# Portsdown Main, Portsmouth - Jan 09



## randomnut (Jan 18, 2009)

Met up with a few guys from here and other forums (sorry guys I missed your forum names, i'm sure you'll let us know though  ), and it was a really worthwhile explore. 

After a mile or so of trekking, we found ourselves right ontop of the site.

Portsdown Main is an impressive art deco style building which dominates the north Portsmouth skyline sitting atop Portsdown Hill. The building was designed back in the 30s but was never actually built until the 50s, eventually housing Admiralty Signals Establishment (ASE) Admiralty Surface Weapons Establishment (ASWE) Defence Evaluation and Research Agency (DERA) and finally Defence Research Agency (DRA).
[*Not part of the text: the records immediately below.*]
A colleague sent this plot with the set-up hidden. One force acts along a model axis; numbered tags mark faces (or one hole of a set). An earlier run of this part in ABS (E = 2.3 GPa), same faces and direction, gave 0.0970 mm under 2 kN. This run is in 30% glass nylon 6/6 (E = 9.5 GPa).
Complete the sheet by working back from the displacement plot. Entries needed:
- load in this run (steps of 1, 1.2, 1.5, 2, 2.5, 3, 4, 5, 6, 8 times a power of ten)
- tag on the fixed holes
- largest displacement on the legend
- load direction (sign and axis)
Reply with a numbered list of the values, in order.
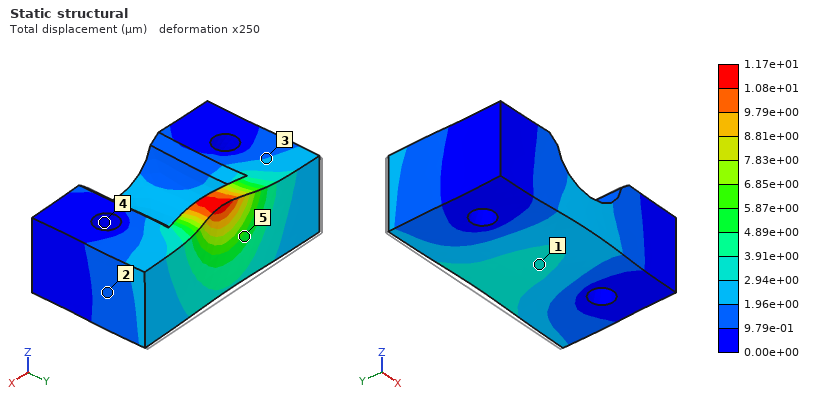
1. 1 kN
2. 4
3. 1.17e+01 µm
4. -Y
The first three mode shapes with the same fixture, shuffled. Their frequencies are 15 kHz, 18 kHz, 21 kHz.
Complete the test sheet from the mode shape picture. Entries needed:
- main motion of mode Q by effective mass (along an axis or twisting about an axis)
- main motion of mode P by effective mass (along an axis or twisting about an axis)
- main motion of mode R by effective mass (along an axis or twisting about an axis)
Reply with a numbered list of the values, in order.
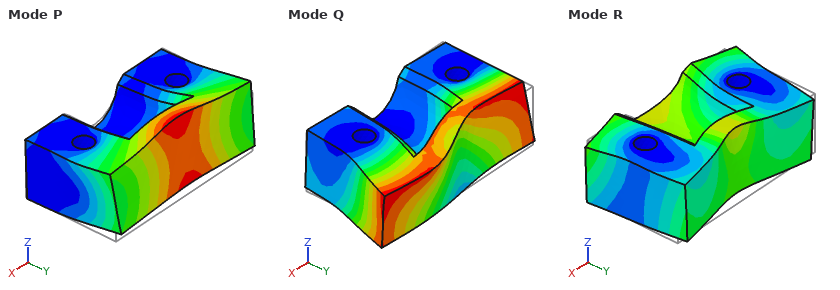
1. along X
2. along Z
3. along Y
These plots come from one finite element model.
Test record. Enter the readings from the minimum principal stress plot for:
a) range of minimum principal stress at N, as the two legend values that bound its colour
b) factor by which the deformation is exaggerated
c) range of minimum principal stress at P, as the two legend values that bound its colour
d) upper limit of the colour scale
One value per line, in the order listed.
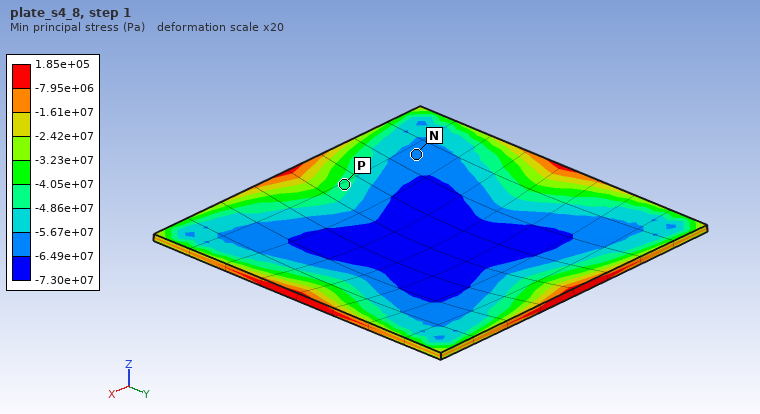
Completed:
-6.49e+07 to -5.67e+07 Pa
20
-4.86e+07 to -4.05e+07 Pa
1.85e+05 Pa
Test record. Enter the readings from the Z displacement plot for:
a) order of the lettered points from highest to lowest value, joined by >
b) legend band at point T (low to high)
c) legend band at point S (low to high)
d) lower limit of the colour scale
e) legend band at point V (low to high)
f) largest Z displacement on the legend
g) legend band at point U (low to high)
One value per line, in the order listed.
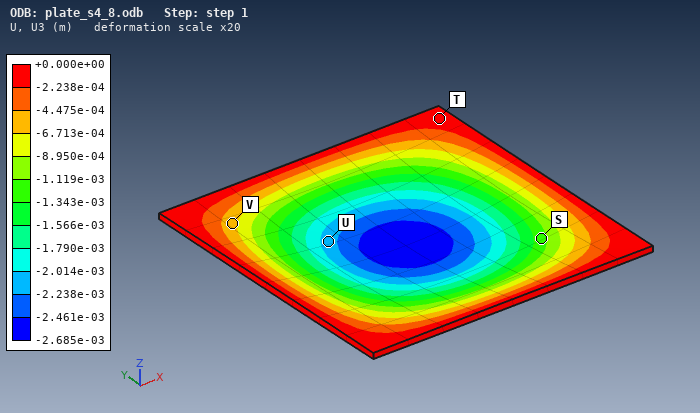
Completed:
T > V > S > U
-2.238e-04 to +0.000e+00 m
-1.343e-03 to -1.119e-03 m
-2.685e-03 m
-6.713e-04 to -4.475e-04 m
+0.000e+00 m
-2.238e-03 to -2.014e-03 m
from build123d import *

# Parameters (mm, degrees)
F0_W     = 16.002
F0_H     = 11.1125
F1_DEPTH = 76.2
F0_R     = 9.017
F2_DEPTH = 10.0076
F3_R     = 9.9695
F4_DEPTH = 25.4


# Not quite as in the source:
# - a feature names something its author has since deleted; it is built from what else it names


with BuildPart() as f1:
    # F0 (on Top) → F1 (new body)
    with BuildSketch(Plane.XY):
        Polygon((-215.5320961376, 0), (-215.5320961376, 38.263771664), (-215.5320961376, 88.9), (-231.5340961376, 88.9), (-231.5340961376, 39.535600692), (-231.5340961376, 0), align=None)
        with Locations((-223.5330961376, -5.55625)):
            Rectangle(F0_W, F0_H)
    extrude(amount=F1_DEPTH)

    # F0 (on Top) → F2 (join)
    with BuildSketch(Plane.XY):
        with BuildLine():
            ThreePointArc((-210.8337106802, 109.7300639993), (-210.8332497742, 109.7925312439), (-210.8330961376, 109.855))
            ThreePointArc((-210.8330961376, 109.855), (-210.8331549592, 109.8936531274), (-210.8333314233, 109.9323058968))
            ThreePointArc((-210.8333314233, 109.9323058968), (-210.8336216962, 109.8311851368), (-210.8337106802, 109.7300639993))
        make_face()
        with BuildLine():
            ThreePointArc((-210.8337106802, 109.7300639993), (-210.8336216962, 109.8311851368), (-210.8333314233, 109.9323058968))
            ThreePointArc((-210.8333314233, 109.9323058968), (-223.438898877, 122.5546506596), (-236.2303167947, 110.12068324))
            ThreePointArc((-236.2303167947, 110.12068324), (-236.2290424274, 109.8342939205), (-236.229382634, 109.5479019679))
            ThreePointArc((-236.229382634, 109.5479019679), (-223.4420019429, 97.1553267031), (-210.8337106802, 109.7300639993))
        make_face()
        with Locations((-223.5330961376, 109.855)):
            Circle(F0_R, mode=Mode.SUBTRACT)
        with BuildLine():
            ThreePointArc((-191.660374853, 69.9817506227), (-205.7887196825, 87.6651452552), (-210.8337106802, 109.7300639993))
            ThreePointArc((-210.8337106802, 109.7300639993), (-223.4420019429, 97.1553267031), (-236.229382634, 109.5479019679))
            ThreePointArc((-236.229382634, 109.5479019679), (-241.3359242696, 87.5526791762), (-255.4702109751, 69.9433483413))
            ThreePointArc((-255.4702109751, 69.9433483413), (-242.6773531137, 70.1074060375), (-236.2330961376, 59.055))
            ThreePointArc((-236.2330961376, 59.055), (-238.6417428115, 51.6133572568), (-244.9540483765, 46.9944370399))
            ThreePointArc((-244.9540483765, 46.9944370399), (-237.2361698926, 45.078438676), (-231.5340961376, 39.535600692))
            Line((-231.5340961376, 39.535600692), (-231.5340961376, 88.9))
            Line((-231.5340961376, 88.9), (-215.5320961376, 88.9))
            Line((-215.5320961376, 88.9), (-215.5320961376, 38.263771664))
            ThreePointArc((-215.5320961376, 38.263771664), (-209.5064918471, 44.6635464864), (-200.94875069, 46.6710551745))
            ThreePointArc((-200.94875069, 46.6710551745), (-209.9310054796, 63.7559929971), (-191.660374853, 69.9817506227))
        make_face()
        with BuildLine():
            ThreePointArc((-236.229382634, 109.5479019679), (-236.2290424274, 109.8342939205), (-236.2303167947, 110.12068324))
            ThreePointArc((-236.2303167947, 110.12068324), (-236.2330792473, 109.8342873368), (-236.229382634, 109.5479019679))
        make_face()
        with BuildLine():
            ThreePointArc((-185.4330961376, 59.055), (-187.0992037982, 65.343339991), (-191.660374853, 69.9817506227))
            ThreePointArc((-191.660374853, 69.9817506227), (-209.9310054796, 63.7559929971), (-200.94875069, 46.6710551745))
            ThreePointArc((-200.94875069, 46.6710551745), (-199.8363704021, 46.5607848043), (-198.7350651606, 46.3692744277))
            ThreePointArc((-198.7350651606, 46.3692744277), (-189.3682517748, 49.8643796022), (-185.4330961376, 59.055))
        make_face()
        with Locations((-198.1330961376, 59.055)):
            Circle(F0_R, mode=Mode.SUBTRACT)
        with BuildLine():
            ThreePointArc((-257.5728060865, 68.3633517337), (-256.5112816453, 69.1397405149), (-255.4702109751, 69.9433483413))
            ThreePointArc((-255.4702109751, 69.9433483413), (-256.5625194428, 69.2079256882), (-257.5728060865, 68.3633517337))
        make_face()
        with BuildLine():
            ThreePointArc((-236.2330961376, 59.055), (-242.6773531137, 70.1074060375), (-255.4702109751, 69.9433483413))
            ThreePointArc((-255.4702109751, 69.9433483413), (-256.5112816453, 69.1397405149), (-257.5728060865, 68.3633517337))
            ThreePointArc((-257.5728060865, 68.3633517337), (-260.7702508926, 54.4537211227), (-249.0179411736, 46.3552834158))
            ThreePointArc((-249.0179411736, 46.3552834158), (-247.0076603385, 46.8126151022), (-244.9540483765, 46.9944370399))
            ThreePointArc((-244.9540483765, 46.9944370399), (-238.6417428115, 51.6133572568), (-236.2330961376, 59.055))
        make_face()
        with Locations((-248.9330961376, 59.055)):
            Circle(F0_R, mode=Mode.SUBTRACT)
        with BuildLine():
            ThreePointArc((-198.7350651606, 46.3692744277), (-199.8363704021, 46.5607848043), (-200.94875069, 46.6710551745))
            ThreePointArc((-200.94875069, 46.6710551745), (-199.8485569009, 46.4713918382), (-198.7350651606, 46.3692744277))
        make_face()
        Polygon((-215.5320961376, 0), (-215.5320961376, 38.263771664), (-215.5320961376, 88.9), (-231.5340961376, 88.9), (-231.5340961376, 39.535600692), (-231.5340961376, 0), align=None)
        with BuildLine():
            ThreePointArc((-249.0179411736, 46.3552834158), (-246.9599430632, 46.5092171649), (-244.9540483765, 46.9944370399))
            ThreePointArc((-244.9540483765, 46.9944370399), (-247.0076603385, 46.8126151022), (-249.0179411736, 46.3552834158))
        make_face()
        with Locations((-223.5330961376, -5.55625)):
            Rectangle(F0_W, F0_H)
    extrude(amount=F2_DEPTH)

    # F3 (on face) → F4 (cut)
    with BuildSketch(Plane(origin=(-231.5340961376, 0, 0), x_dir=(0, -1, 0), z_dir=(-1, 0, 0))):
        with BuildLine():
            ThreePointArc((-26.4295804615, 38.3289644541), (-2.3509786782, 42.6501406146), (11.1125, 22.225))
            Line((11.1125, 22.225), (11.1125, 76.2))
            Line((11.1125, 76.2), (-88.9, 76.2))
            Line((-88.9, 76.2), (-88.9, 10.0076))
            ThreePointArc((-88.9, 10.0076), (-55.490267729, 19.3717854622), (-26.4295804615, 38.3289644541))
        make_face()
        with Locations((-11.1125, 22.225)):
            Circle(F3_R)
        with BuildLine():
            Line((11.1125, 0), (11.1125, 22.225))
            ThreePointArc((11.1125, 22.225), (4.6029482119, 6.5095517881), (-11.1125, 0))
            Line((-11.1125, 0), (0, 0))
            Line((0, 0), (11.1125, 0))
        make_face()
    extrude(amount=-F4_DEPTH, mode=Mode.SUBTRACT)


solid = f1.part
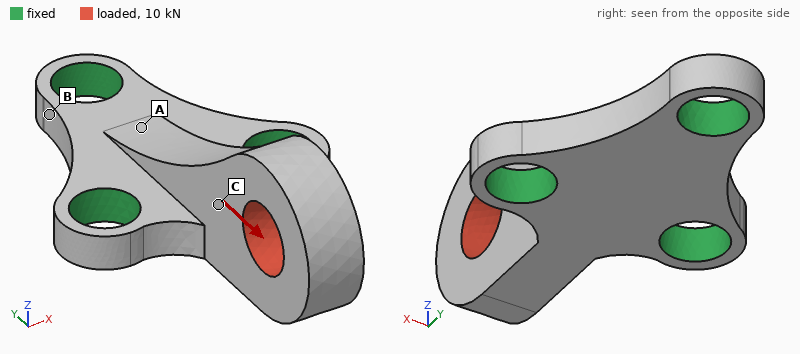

The Portsdown Main site was eventually wound down, and by 1st Jan 1997 was considered closed.































In it's heyday the staircase was always kept polished bright. It would have been quite a sight for any visitior. There were similar sweeping styles on the entrance to each floor





Notice the wood panneling - the only wood decked lav we found. Wonder whose it was....









Down in the basement

















Lecture theater:




Projection room:





Moving onwards to the staff canteen building, even these had grandiose staircases:

















The staff bar:




Marry Christmas, but looking at the decor, christmas 1975? 









Full set on Flickr

Many thanks to all involved, was a great explore. This has been on my list since the beginning of time so it feels great to have finally seen it.


----------



## CrysAk (Jan 18, 2009)

nice ^^

hope these wernt active lol  noticed them too


----------



## randomnut (Jan 18, 2009)

Yeah those were just speakers, most likely part of the PA system, or the emergency audio evacuation system they had.


----------



## CrysAk (Jan 18, 2009)

randomnut said:


> Yeah those were just speakers, most likely part of the PA system, or the emergency audio evacuation system they had.



thats what i thought that could of been, but figured it would of made more sense that they were motion detectors,


----------



## Earth Worm Jim (Jan 18, 2009)

Groovy. What a lovely functional art deco building.


----------



## littledasypus (Apr 13, 2009)

*Drove past this...*

Drove through Portsmouth the other day, saw this building on the hill and instantly recognised it from the pics here. Will put this one on my list. Good pics.


----------



## randomnut (Apr 13, 2009)

Cheers littledasypus. It's weird, it's one of those buildings most people always assume is live, weird to think just how long it's been abandoned


----------



## jonney (Apr 13, 2009)

Nice to see the building is in such good condition for the length of time it's been dissused. I'm surprised it hasn't been turned into appartments yet.


----------



## Badoosh (Apr 14, 2009)

Agree with others comments on how good nick the buildings in. Looks a pretty vast place to look around that's for sure. Also good to see it hasn't been demolished after being stood empty so long.


----------